I decided to use the competition as means to learn Rust. I'm writing two blog posts. This post focuses primarily on my experience with Rust. My other post focuses on puzzle solutions and optimizations. If you'd like to read that post it's available here:
Solving Advent of Code in Under a Second
Advent Experience
Learning a new language via Advent of Code turned out to be a great idea. I highly recommend it.
People use every language under the sun to solve AoC puzzles. Python, JavaScript, C, C++, C#, Rust, Haskell, Clojure, Perl, Fortran, Lisp, Lua, Scala, OCaml, Ruby, Php, Swift, and more. Many folks were, like me, using AoC to learn something new.
The community is great. Thousands of programmers are working to solve the same problems. The subreddit has a solutions thread for every puzzle. If you get stuck you can ask questions or peek at other solutions.
Once you have a solution it's useful to see what other people did. I learned a lot of Rust tricks and new algorithms this way.
Rust Noob
I'm a total noob at Rust. I've written two or three thousand lines on toy projects. This post is not "how to write good Rust code". I don't know what I'm doing! This is about my trials, tribulations, and lessons learned.
My solutions and full project are linked below. Solutions for all 25 days are in one file so it's easy to skim.
Parsing Text is Hard
My first stumbling block was parsing. Almost every AoC problem starts with parsing lines of text from an input file.
String parsing in Rust is not easy. There's no random access into Rust Strings because they're UTF-8 encoded. The chars iterator is not very ergonomic. Using as_bytes
helps only a little.
My first few attempts were complicated and inefficient. Then I learned how to use Rust's regex library by looking at BurntSushi's AoC solutions.
I'm not gonna lie. Using regex's feels like overkill. Consider the following line of input:
#1 @ 338,764: 20x24
Here's my matching Regex code.
Regex::new(r"#\d+ @ (?P<x>\d+),(?P<y>\d+): (?P<w>\d+)x(?P<h>\d+)").unwrap();
Is there a better expression? I don't know. Probably. I feel like there should be a helper for simple parse operations.
parse!("#{} @ {},{}: {}x{}", id, x, y, w, h);
This would be a clean inverse of println!
. It would be great for simple cases.
Rexer
I'm not a regex expert. I'm not even an apprentice. I've always joked that regular expressions have the elusive write-once flag. Once you finish writing one you'll never understand what it does ever again.
To help write my parsing regexes I used the free website Regexr. It works well for the Regex crate which uses PCRE-like syntax.
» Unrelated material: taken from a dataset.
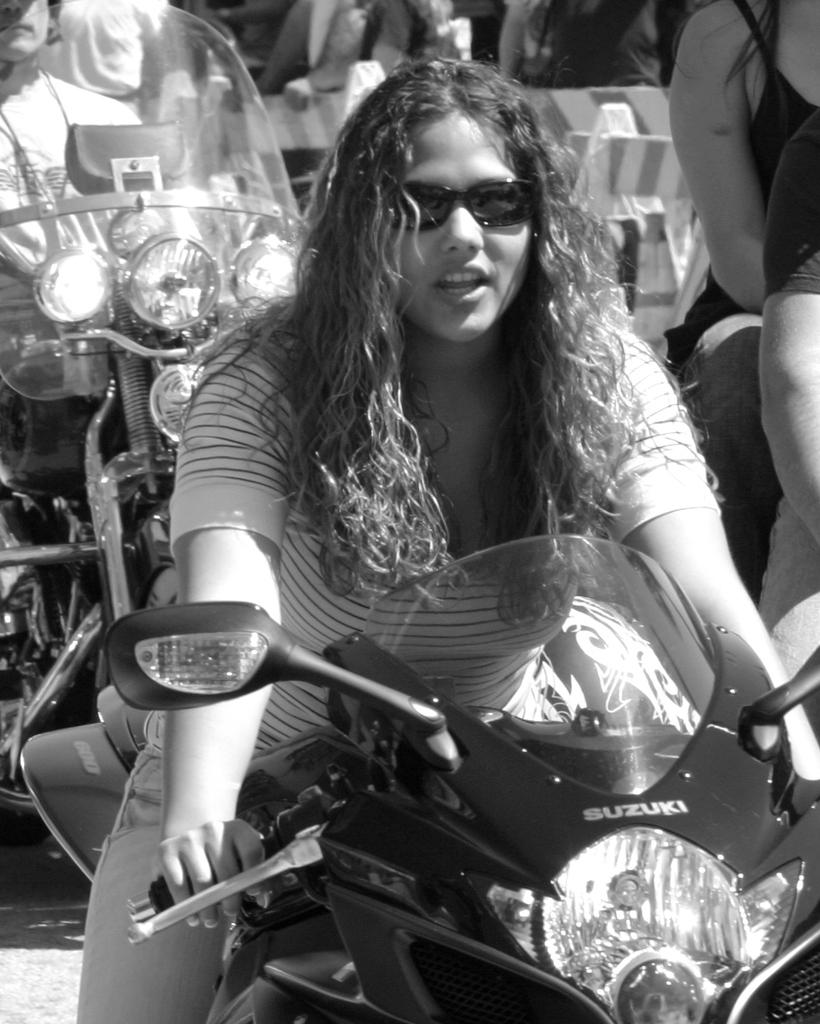What is the main subject of the image? The main subject of the image is a lady. What is the lady doing in the image? The lady is riding a motorcycle in the image. Can you describe the lady's appearance? The lady is wearing spectacles in the image. What type of idea can be seen in the image? There is no idea present in the image; it features a lady riding a motorcycle while wearing spectacles. Can you point out the bears in the image? There are no bears present in the image.

Using an interactive webtool was pleasant. It is far faster than having to compile and run Rust code.
Iterators
My background is C++. In C++ an "iterator" often boils down to a raw pointer. Rust iterators are lazy, composable, and impressively powerful.
I spent a fair amount of time referencing iterator API documentation. I'm still learning what features are available and how to use them. I had a lot of fun trying to be clever.
Enumerate
I love enumerate. It provides a way to use iterators but still have an iteration count.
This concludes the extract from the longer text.